CAR T against cell surface proteins to treat prostate cancer

Researchers at University of California Los Angeles identified cell surface targets to treat prostate adenocarcinoma and neuroendocrine prostate cancer, two distinct major subtypes of advanced prostate cancer, and suggested that CAR T cell therapy against one of the targets could help treat neuroendocrine prostate cancer.

The study appeared in Proceedings of the National Academy of Sciences.

Prostate adenocarcinoma constitutes 95% of diagnosed prostate cancers, but can recur as a highly aggressive neuroendocrine prostate subtype due to treatment resistance in castration-resistant prostate cancer (CRPC) patients. Unlike prostate adenocarcinoma, neuroendocrine prostate tumors express low levels of cell surface proteins targeted to treat prostate cancer, including prostate-specific membrane antigen (PSMA; FOLH1; GCPII), and likely will not respond to PSMA-targeted therapies.

The researchers used bioinformatics to identify 7,555 human cell surface proteins from protein and gene expression databases, then evaluated data from patient-derived prostate cancer samples to compare differential expressions between the two prostate cancer subtypes. They found each subtype expresses hundreds of different cell surface genes at levels fourfold or more than the other subtype.

Further profiling using transcriptome and proteomic analyses of eight prostate cancer cell lines revealed several cell surface proteins with enriched expression in each subtype, including FXYD domain containing ion transport regulator 3 (FXYD3) in prostate adenocarcinoma and carcinoembryonic antigen-related cell adhesion molecule 5 (CEACAM5; CD66e) in neuroendocrine prostate cancer.

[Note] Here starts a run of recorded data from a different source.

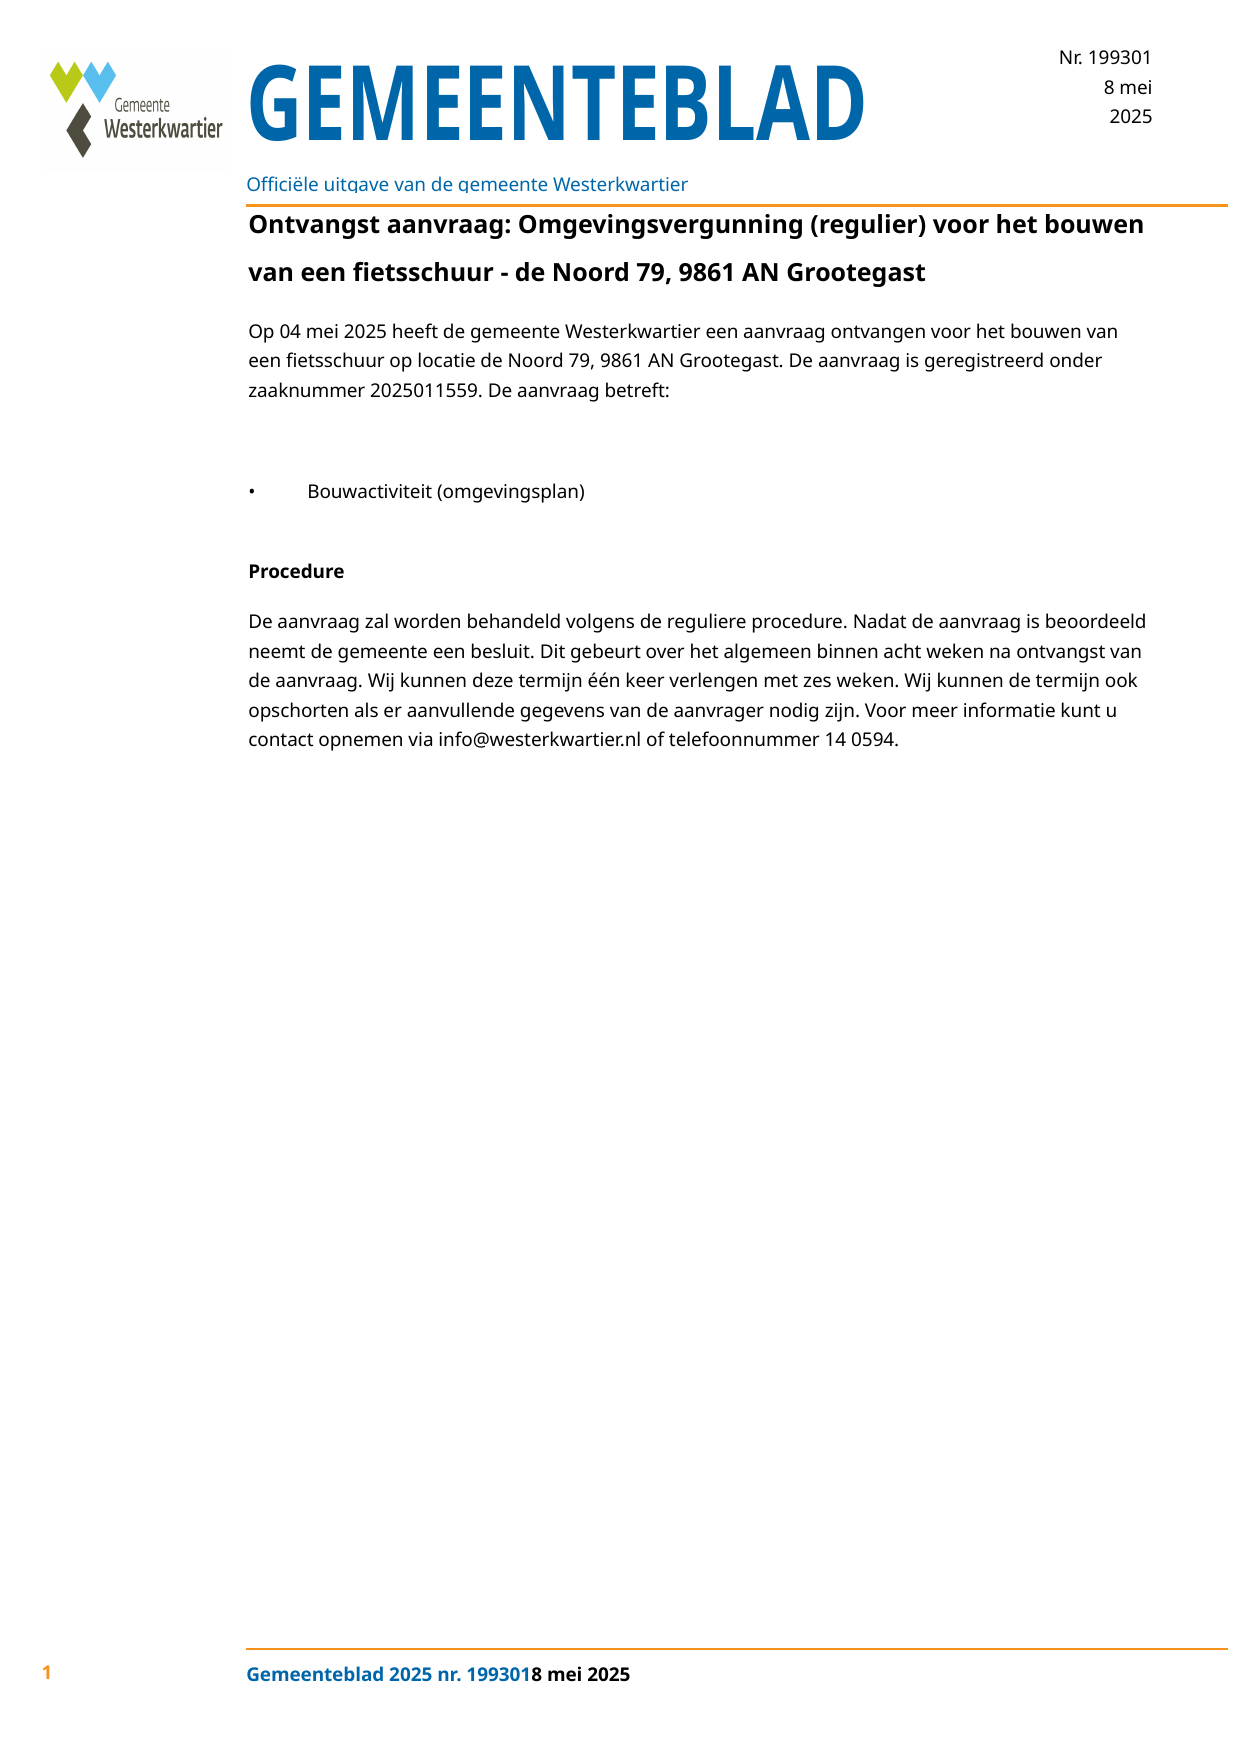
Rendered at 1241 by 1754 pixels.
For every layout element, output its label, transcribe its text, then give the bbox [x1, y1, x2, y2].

text Op 04 mei 2025 heeft de gemeente Westerkwartier een aanvraag ontvangen voor het bouwen van een fietsschuur op locatie de Noord 79, 9861 AN Grootegast. De aanvraag is geregistreerd onder zaaknummer 2025011559. De aanvraag betreft: [248, 318, 1152, 403]
text Procedure [248, 558, 1152, 584]
text De aanvraag zal worden behandeld volgens de reguliere procedure. Nadat de aanvraag is beoordeeld neemt de gemeente een besluit. Dit gebeurt over het algemeen binnen acht weken na ontvangst van de aanvraag. Wij kunnen deze termijn één keer verlengen met zes weken. Wij kunnen de termijn ook opschorten als er aanvullende gegevens van de aanvrager nodig zijn. Voor meer informatie kunt u contact opnemen via info@westerkwartier.nl of telefoonnummer 14 0594. [248, 608, 1152, 752]
list Bouwactiviteit (omgevingsplan) [248, 478, 1152, 504]
text Ontvangst aanvraag: Omgevingsvergunning (regulier) voor het bouwen van een fietsschuur - de Noord 79, 9861 AN Grootegast [248, 207, 1152, 288]
picture [41, 47, 231, 172]
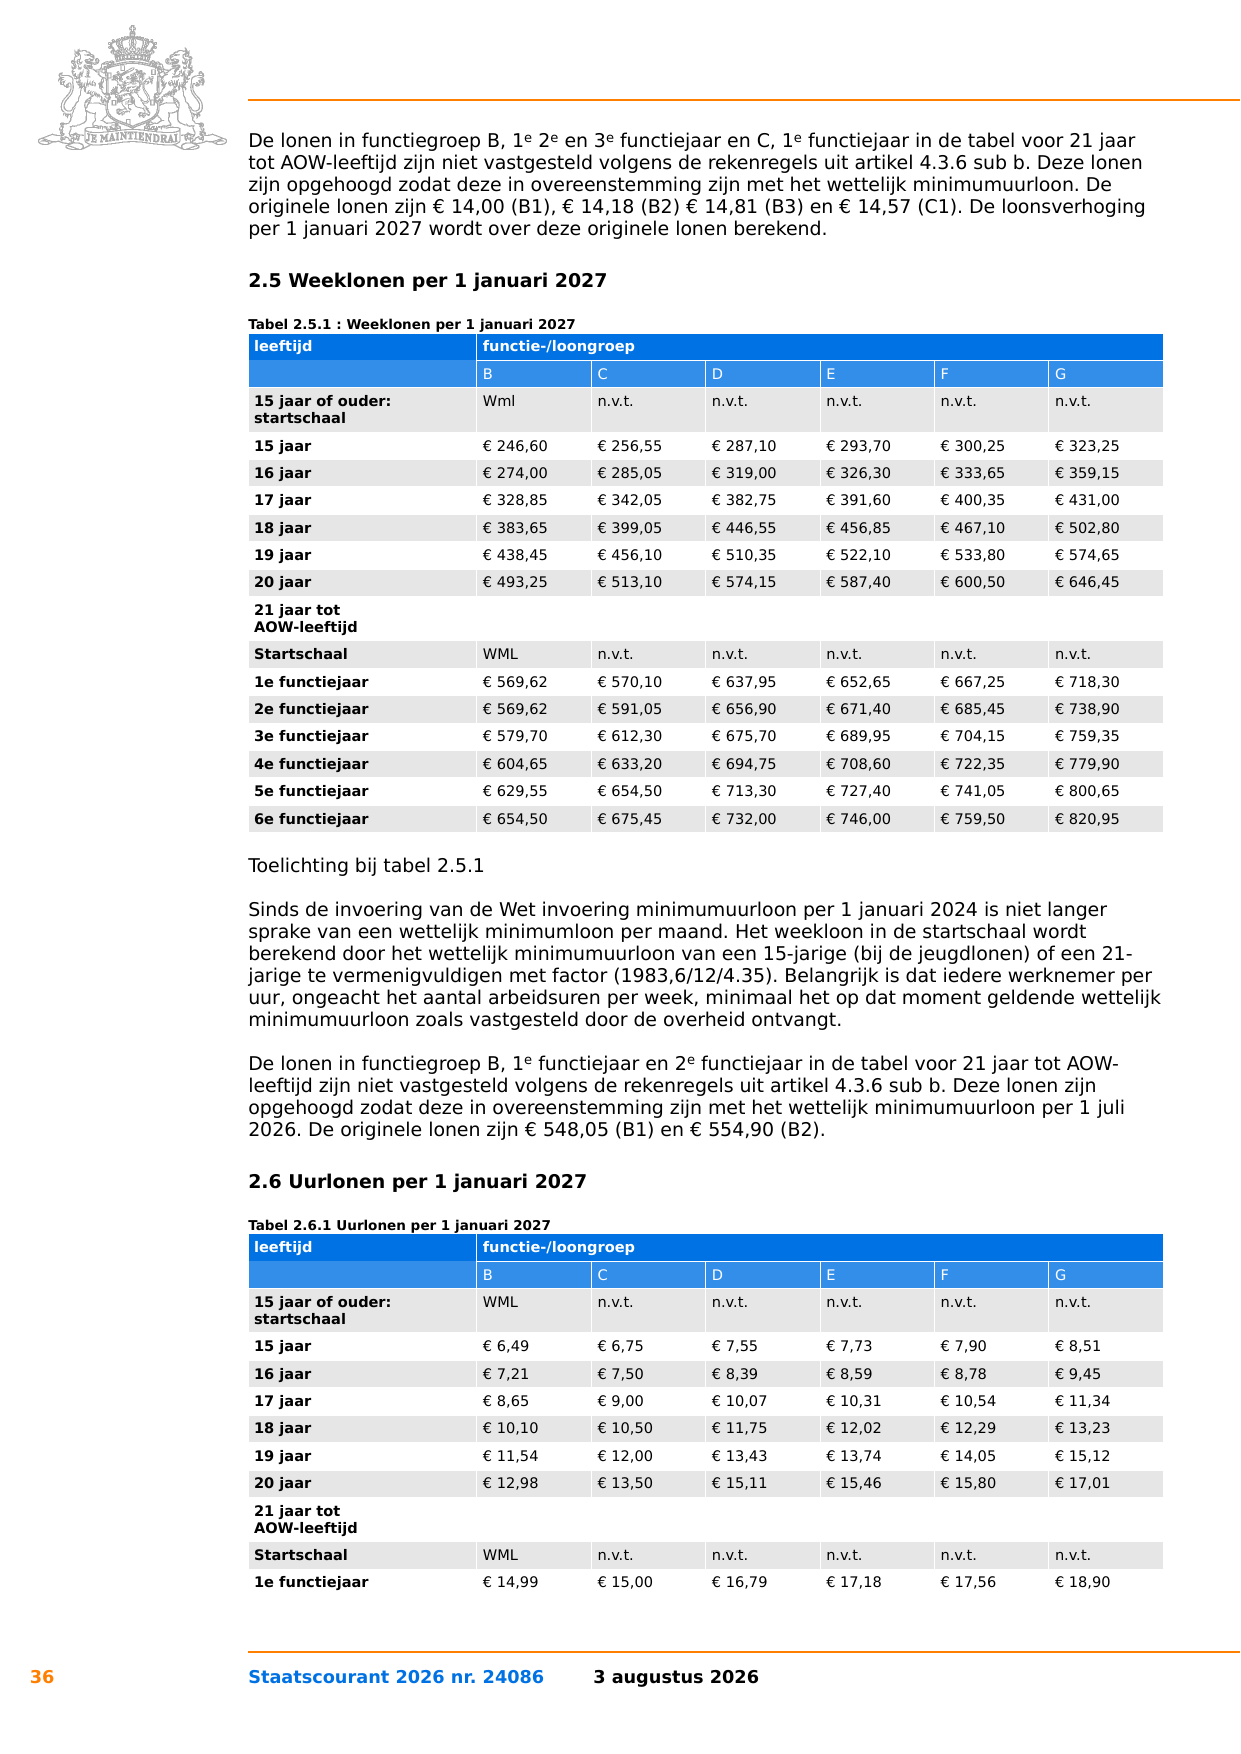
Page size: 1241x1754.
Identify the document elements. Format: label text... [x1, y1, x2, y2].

table_cell leeftijd [249, 1234, 476, 1261]
table_cell n.v.t. [706, 1289, 820, 1332]
table_cell € 17,01 [1049, 1471, 1163, 1497]
table_cell [935, 597, 1048, 640]
table_cell € 746,00 [821, 806, 934, 832]
table_cell € 637,95 [706, 669, 820, 695]
table_cell 15 jaar [249, 433, 476, 459]
table_cell € 502,80 [1049, 515, 1163, 541]
table_cell n.v.t. [1049, 641, 1163, 668]
table_cell G [1049, 1262, 1163, 1288]
table_cell n.v.t. [706, 1542, 820, 1569]
table_cell € 15,80 [935, 1471, 1048, 1497]
table_cell [935, 1498, 1048, 1541]
table_cell 18 jaar [249, 1416, 476, 1442]
table_cell n.v.t. [935, 1289, 1048, 1332]
table_cell € 14,99 [477, 1570, 591, 1596]
table_cell € 15,12 [1049, 1443, 1163, 1469]
table_cell € 569,62 [477, 669, 591, 695]
table_cell € 11,34 [1049, 1388, 1163, 1415]
table_cell € 759,50 [935, 806, 1048, 832]
table_cell € 704,15 [935, 724, 1048, 750]
table_cell n.v.t. [706, 641, 820, 668]
table_cell [821, 597, 934, 640]
text Toelichting bij tabel 2.5.1 [248, 855, 1163, 877]
table_cell € 285,05 [592, 460, 705, 486]
table_cell € 689,95 [821, 724, 934, 750]
table_cell € 654,50 [592, 779, 705, 805]
table_cell n.v.t. [935, 641, 1048, 668]
table_cell 19 jaar [249, 542, 476, 569]
table_cell € 326,30 [821, 460, 934, 486]
table_cell € 446,55 [706, 515, 820, 541]
table_cell 1e functiejaar [249, 669, 476, 695]
subtitle 2.5 Weeklonen per 1 januari 2027 [248, 270, 1163, 292]
table_cell € 574,15 [706, 570, 820, 596]
table_cell € 15,11 [706, 1471, 820, 1497]
table_cell € 456,85 [821, 515, 934, 541]
table_cell € 431,00 [1049, 488, 1163, 514]
table_cell n.v.t. [1049, 388, 1163, 432]
table_cell n.v.t. [592, 388, 705, 432]
table_cell € 570,10 [592, 669, 705, 695]
subtitle 2.6 Uurlonen per 1 januari 2027 [248, 1171, 1163, 1193]
table_cell € 708,60 [821, 751, 934, 777]
table_cell € 382,75 [706, 488, 820, 514]
table_cell € 759,35 [1049, 724, 1163, 750]
table_cell € 383,65 [477, 515, 591, 541]
table_cell € 722,35 [935, 751, 1048, 777]
table_cell € 600,50 [935, 570, 1048, 596]
table_cell € 604,65 [477, 751, 591, 777]
table_cell n.v.t. [592, 1542, 705, 1569]
table_cell 15 jaar of ouder: startschaal [249, 1289, 476, 1332]
table_cell € 12,02 [821, 1416, 934, 1442]
table_cell € 15,46 [821, 1471, 934, 1497]
table_cell € 718,30 [1049, 669, 1163, 695]
table_cell 21 jaar tot AOW-leeftijd [249, 597, 820, 640]
table_cell 17 jaar [249, 1388, 476, 1415]
table_cell B [477, 361, 591, 387]
table_cell 19 jaar [249, 1443, 476, 1469]
table_cell € 16,79 [706, 1570, 820, 1596]
table_cell € 300,25 [935, 433, 1048, 459]
table_cell F [935, 361, 1048, 387]
table_cell € 675,45 [592, 806, 705, 832]
table_cell € 456,10 [592, 542, 705, 569]
table_cell B [477, 1262, 591, 1288]
table_cell D [706, 1262, 820, 1288]
table_cell € 579,70 [477, 724, 591, 750]
table_cell F [935, 1262, 1048, 1288]
table_cell € 513,10 [592, 570, 705, 596]
table_cell functie-/loongroep [477, 1234, 1163, 1261]
table_cell Wml [477, 388, 591, 432]
table_cell 1e functiejaar [249, 1570, 476, 1596]
table_cell € 12,00 [592, 1443, 705, 1469]
table_cell n.v.t. [592, 641, 705, 668]
table_cell € 820,95 [1049, 806, 1163, 832]
table_cell 16 jaar [249, 1361, 476, 1387]
table_cell [1049, 597, 1163, 640]
table_cell WML [477, 641, 591, 668]
table_cell € 656,90 [706, 696, 820, 723]
table_cell € 741,05 [935, 779, 1048, 805]
table_cell € 9,00 [592, 1388, 705, 1415]
table_cell 5e functiejaar [249, 779, 476, 805]
table_cell € 732,00 [706, 806, 820, 832]
table_cell € 293,70 [821, 433, 934, 459]
table_cell 21 jaar tot AOW-leeftijd [249, 1498, 820, 1541]
table_cell 6e functiejaar [249, 806, 476, 832]
table_cell Startschaal [249, 641, 476, 668]
table_cell E [821, 361, 934, 387]
table_cell € 328,85 [477, 488, 591, 514]
table_cell [1049, 1498, 1163, 1541]
table_cell € 10,10 [477, 1416, 591, 1442]
table_cell € 12,29 [935, 1416, 1048, 1442]
table_cell n.v.t. [592, 1289, 705, 1332]
table_cell € 646,45 [1049, 570, 1163, 596]
table_cell € 633,20 [592, 751, 705, 777]
table_cell € 7,73 [821, 1334, 934, 1360]
table_cell n.v.t. [935, 1542, 1048, 1569]
table_cell € 7,55 [706, 1334, 820, 1360]
table_cell 4e functiejaar [249, 751, 476, 777]
table_cell leeftijd [249, 334, 476, 360]
table_cell E [821, 1262, 934, 1288]
table_cell € 800,65 [1049, 779, 1163, 805]
table_cell € 10,07 [706, 1388, 820, 1415]
table_cell € 6,75 [592, 1334, 705, 1360]
table_cell € 319,00 [706, 460, 820, 486]
picture [38, 25, 227, 150]
table_cell € 6,49 [477, 1334, 591, 1360]
table_cell n.v.t. [1049, 1542, 1163, 1569]
table_cell n.v.t. [935, 388, 1048, 432]
table_cell WML [477, 1289, 591, 1332]
table_cell € 17,56 [935, 1570, 1048, 1596]
table_cell G [1049, 361, 1163, 387]
table_cell n.v.t. [821, 388, 934, 432]
table_cell € 333,65 [935, 460, 1048, 486]
table_cell € 13,50 [592, 1471, 705, 1497]
table_header Tabel 2.6.1 Uurlonen per 1 januari 2027 [248, 1218, 1163, 1233]
table_cell € 13,23 [1049, 1416, 1163, 1442]
table_cell € 17,18 [821, 1570, 934, 1596]
table_cell € 8,78 [935, 1361, 1048, 1387]
table_cell € 727,40 [821, 779, 934, 805]
table_cell € 574,65 [1049, 542, 1163, 569]
table_cell Startschaal [249, 1542, 476, 1569]
table_cell € 18,90 [1049, 1570, 1163, 1596]
table_cell € 652,65 [821, 669, 934, 695]
table_cell € 9,45 [1049, 1361, 1163, 1387]
table_cell € 685,45 [935, 696, 1048, 723]
table_cell € 342,05 [592, 488, 705, 514]
table_cell 18 jaar [249, 515, 476, 541]
table_cell 16 jaar [249, 460, 476, 486]
text De lonen in functiegroep B, 1e 2e en 3e functiejaar en C, 1e functiejaar in de tabel voor 21 jaar tot AOW-leeftijd zijn niet vastgesteld volgens de rekenregels uit artikel 4.3.6 sub b. Deze lonen zijn opgehoogd zodat deze in overeenstemming zijn met het wettelijk minimumuurloon. De originele lonen zijn € 14,00 (B1), € 14,18 (B2) € 14,81 (B3) en € 14,57 (C1). De loonsverhoging per 1 januari 2027 wordt over deze originele lonen berekend. [248, 130, 1163, 240]
table_cell € 522,10 [821, 542, 934, 569]
table_cell € 7,50 [592, 1361, 705, 1387]
table_cell € 13,43 [706, 1443, 820, 1469]
text Sinds de invoering van de Wet invoering minimumuurloon per 1 januari 2024 is niet langer sprake van een wettelijk minimumloon per maand. Het weekloon in de startschaal wordt berekend door het wettelijk minimumuurloon van een 15-jarige (bij de jeugdlonen) of een 21-jarige te vermenigvuldigen met factor (1983,6/12/4.35). Belangrijk is dat iedere werknemer per uur, ongeacht het aantal arbeidsuren per week, minimaal het op dat moment geldende wettelijk minimumuurloon zoals vastgesteld door de overheid ontvangt. [248, 899, 1163, 1031]
table_cell € 675,70 [706, 724, 820, 750]
table_cell € 587,40 [821, 570, 934, 596]
table_cell € 14,05 [935, 1443, 1048, 1469]
table_cell € 391,60 [821, 488, 934, 514]
table_cell € 629,55 [477, 779, 591, 805]
table_cell € 15,00 [592, 1570, 705, 1596]
table_cell 15 jaar [249, 1334, 476, 1360]
table_cell € 569,62 [477, 696, 591, 723]
table_cell n.v.t. [821, 1289, 934, 1332]
table_cell 20 jaar [249, 1471, 476, 1497]
table_cell € 612,30 [592, 724, 705, 750]
table_cell € 13,74 [821, 1443, 934, 1469]
table_cell € 591,05 [592, 696, 705, 723]
table_cell WML [477, 1542, 591, 1569]
table_cell € 287,10 [706, 433, 820, 459]
table_cell C [592, 1262, 705, 1288]
table_cell functie-/loongroep [477, 334, 1163, 360]
table_cell 15 jaar of ouder: startschaal [249, 388, 476, 432]
table_cell € 11,54 [477, 1443, 591, 1469]
table_cell € 8,59 [821, 1361, 934, 1387]
table_cell € 11,75 [706, 1416, 820, 1442]
table_cell [821, 1498, 934, 1541]
table_cell n.v.t. [821, 641, 934, 668]
table_cell n.v.t. [821, 1542, 934, 1569]
table_cell € 671,40 [821, 696, 934, 723]
table_cell n.v.t. [1049, 1289, 1163, 1332]
table_cell € 438,45 [477, 542, 591, 569]
table_cell € 8,39 [706, 1361, 820, 1387]
table_cell € 10,31 [821, 1388, 934, 1415]
table_cell D [706, 361, 820, 387]
table_cell € 323,25 [1049, 433, 1163, 459]
table_cell € 12,98 [477, 1471, 591, 1497]
table_cell € 274,00 [477, 460, 591, 486]
table_cell € 7,21 [477, 1361, 591, 1387]
table_cell n.v.t. [706, 388, 820, 432]
table_cell € 8,65 [477, 1388, 591, 1415]
table_cell € 667,25 [935, 669, 1048, 695]
table_header Tabel 2.5.1 : Weeklonen per 1 januari 2027 [248, 317, 1163, 332]
table_cell € 510,35 [706, 542, 820, 569]
table_cell € 7,90 [935, 1334, 1048, 1360]
table_cell € 10,54 [935, 1388, 1048, 1415]
table_cell € 713,30 [706, 779, 820, 805]
table_cell € 8,51 [1049, 1334, 1163, 1360]
table_cell € 10,50 [592, 1416, 705, 1442]
table_cell € 246,60 [477, 433, 591, 459]
table_cell € 400,35 [935, 488, 1048, 514]
table_cell 17 jaar [249, 488, 476, 514]
table_cell 2e functiejaar [249, 696, 476, 723]
text De lonen in functiegroep B, 1e functiejaar en 2e functiejaar in de tabel voor 21 jaar tot AOW-leeftijd zijn niet vastgesteld volgens de rekenregels uit artikel 4.3.6 sub b. Deze lonen zijn opgehoogd zodat deze in overeenstemming zijn met het wettelijk minimumuurloon per 1 juli 2026. De originele lonen zijn € 548,05 (B1) en € 554,90 (B2). [248, 1053, 1163, 1141]
table_cell C [592, 361, 705, 387]
table_cell € 493,25 [477, 570, 591, 596]
table_cell € 779,90 [1049, 751, 1163, 777]
table_cell 3e functiejaar [249, 724, 476, 750]
table_cell € 654,50 [477, 806, 591, 832]
table_cell € 467,10 [935, 515, 1048, 541]
table_cell € 256,55 [592, 433, 705, 459]
table_cell € 359,15 [1049, 460, 1163, 486]
table_cell € 399,05 [592, 515, 705, 541]
table_cell € 533,80 [935, 542, 1048, 569]
table_cell € 738,90 [1049, 696, 1163, 723]
table_cell € 694,75 [706, 751, 820, 777]
table_cell 20 jaar [249, 570, 476, 596]

As a proof of concept, the UCLA team engineered CAR T cells targeting CEACAM5 to evaluate if they would kill neuroendocrine prostate cancer cells. In two CEACAM5-expressing neuroendocrine prostate cancer cell lines, the CAR T cells induced expression of effector cytokine interferon (IFN) gamma and cell death.

The authors wrote that future research should evaluate whether it is possible to safely engineer dual or bispecific CAR T therapies against PSMA and CEACAM5 to treat CRPC regardless of prostate cancer subtype.